The best answer I can muster is that, if nothing else, I feel I need to cast my vote and be accountable to myself. Will I be able to look my future self in the eye (if that’s possible to imagine) and say that, whoever wins and whatever happens in the next four or five years, I contributed my voice responsibly? If the country is well served by the next Government, I accept I’ll have either the satisfaction for having backed them or the nagging guilt of overlooking their potential?
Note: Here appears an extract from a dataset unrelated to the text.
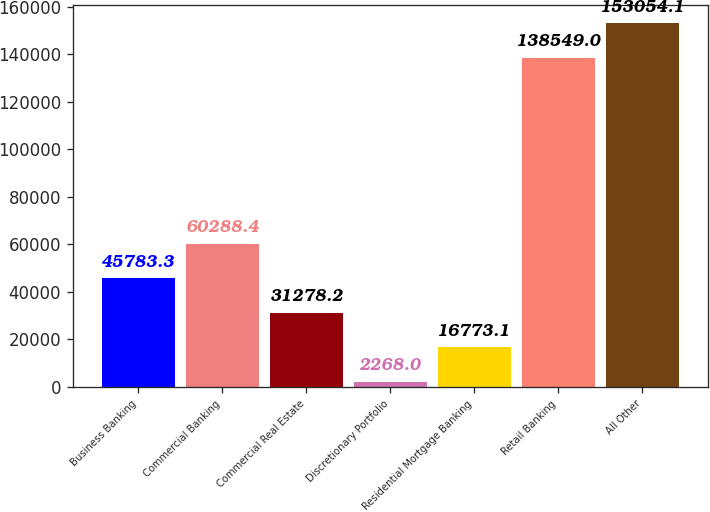<chart> <loc_0><loc_0><loc_500><loc_500><bar_chart><fcel>Business Banking<fcel>Commercial Banking<fcel>Commercial Real Estate<fcel>Discretionary Portfolio<fcel>Residential Mortgage Banking<fcel>Retail Banking<fcel>All Other<nl><fcel>45783.3<fcel>60288.4<fcel>31278.2<fcel>2268<fcel>16773.1<fcel>138549<fcel>153054<nl></chart>

Conversely, if the next lot cock things up, for four or five years, I know I’ll either inhabit the moral high ground for having tried to stop them or a kind of ‘naughty step’ for being partly responsible.  I want to feel I can always assure myself that I made the right choice – and that doesn’t change whether you live in a marginal constituency or a ‘shoo-in’, like Wigan.

That, to me, is the essence of democracy and the value of the franchise.  In lots of ways, the whole ridiculous charade is flawed, often seriously (I could go on, and I probably will at some point) but it’s important in the same rather old-fashioned way that might compel you to drive slowly past a funeral cortège: you know you don’t have to, but it’s a standard to which one holds oneself for no other reason than one’s own sense of propriety.

I accept it’s not the same for everyone – elections often bring into the spotlight a very strange ensemble of ‘characters’ with a wide variety of contributions to the process – but I think mine is probably not far from the same position that most people have.  The phrase about of one’s voting preference being ‘between me and the ballot box’ is not just an assertion of privacy, it’s a secret pact that each of us and the ‘box’ have, to do our bit to guide the country through the waters of the next few years, even though it’s just a tick in the box when all is said and done.